Problem details: What you return should match the material below line for line, except that no image appears in it.

Dataset excerpt:
************
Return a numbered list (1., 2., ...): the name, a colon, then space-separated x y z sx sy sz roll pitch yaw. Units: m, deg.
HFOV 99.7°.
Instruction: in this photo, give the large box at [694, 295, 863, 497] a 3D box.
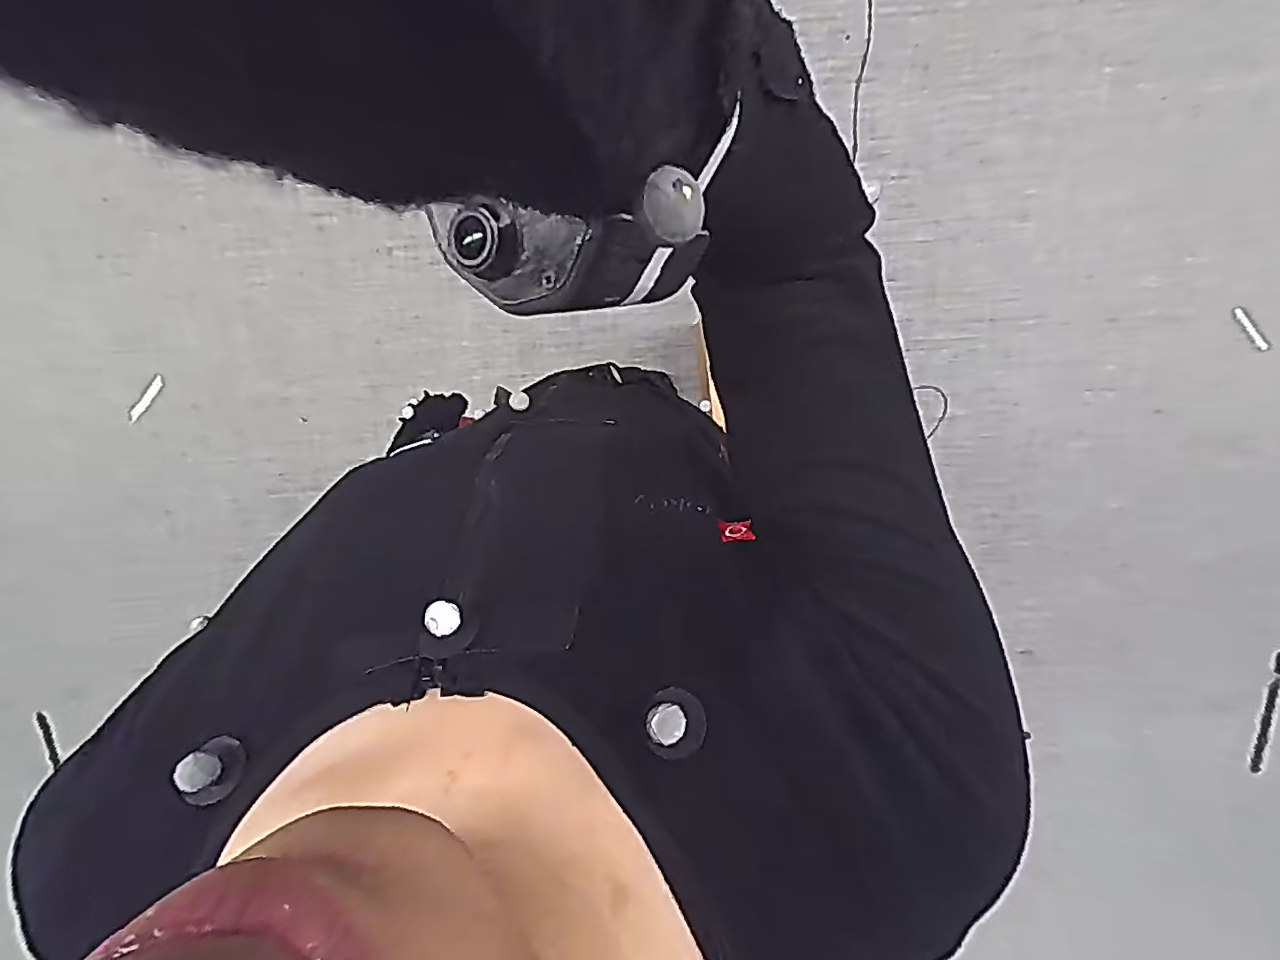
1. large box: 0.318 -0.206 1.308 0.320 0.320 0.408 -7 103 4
************
Expected answer:
Return a numbered list (1., 2., ...): the name, a colon, then space-separated x y z sx sy sz roll pitch yaw. Units: m, deg.
HFOV 99.7°.
Instruction: in this photo, give the large box at [694, 295, 863, 497] a 3D box.
1. large box: 0.318 -0.206 1.308 0.320 0.320 0.408 -7 103 4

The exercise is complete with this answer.